**The problem**
Which lines in the data below contain the word "listed"? Pull each of them out.

Data excerpts
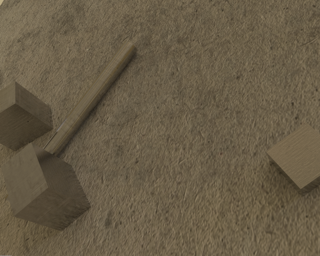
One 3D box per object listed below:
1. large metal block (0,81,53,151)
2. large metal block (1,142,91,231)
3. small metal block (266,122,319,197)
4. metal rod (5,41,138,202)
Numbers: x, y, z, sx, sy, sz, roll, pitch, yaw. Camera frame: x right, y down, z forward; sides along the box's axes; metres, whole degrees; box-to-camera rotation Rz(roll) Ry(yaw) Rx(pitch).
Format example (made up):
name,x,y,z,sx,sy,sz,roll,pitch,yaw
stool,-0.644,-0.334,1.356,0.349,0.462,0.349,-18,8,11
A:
name,x,y,z,sx,sy,sz,roll,pitch,yaw
large metal block,-0.235,-0.017,0.502,0.080,0.080,0.050,-29,52,10
large metal block,-0.146,0.076,0.398,0.050,0.080,0.080,-40,51,1
small metal block,0.144,0.031,0.309,0.050,0.025,0.050,-36,51,4
metal rod,-0.131,-0.014,0.480,0.025,0.025,0.300,26,75,37
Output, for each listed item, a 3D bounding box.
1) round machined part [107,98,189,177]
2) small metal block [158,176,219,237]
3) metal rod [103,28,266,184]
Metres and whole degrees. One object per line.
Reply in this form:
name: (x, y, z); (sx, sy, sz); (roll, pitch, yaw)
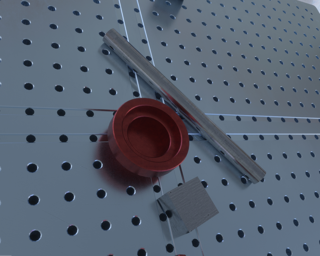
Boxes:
round machined part: (-0.017, 0.015, 0.380); (0.099, 0.042, 0.098); (14, 56, -21)
small metal block: (0.034, 0.093, 0.371); (0.050, 0.025, 0.050); (-20, 73, -36)
metal rod: (0.034, -0.032, 0.447); (0.300, 0.025, 0.025); (44, 51, 2)
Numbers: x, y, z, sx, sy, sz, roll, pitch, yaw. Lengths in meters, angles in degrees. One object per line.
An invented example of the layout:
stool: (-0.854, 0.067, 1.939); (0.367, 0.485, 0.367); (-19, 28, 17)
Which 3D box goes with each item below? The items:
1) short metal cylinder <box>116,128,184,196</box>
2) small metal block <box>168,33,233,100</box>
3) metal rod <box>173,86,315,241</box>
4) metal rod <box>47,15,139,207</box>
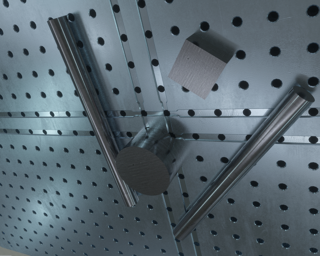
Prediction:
short metal cylinder: (-0.014, 0.047, 0.431); (0.080, 0.050, 0.079); (13, 124, 21)
small metal block: (0.044, -0.068, 0.346); (0.050, 0.025, 0.050); (33, 129, 6)
metal rod: (0.089, 0.067, 0.405); (0.025, 0.025, 0.298); (34, 129, 6)
metal rod: (-0.089, -0.009, 0.452); (0.025, 0.025, 0.298); (-4, 117, 30)
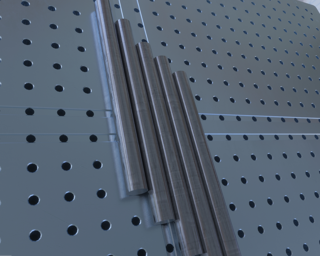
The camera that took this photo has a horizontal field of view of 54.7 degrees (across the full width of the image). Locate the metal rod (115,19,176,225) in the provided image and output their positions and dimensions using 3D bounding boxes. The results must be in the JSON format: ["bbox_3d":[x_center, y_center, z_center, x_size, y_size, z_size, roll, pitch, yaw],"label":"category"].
[{"bbox_3d":[-0.026,-0.026,0.410,0.025,0.025,0.299,1,61,-28],"label":"metal rod"}]

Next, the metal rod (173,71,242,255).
[{"bbox_3d":[0.059,0.052,0.409,0.025,0.025,0.299,1,61,-28],"label":"metal rod"}]

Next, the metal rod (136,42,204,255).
[{"bbox_3d":[0.005,0.010,0.405,0.025,0.025,0.299,1,61,-28],"label":"metal rod"}]

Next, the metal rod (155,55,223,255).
[{"bbox_3d":[0.031,0.029,0.408,0.025,0.025,0.299,1,61,-28],"label":"metal rod"}]

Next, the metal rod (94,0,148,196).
[{"bbox_3d":[-0.057,-0.059,0.414,0.025,0.025,0.299,1,61,-28],"label":"metal rod"}]

**Exercise result**
One 3D box per object listed below:
Output, for each listed item, a 3D bounding box.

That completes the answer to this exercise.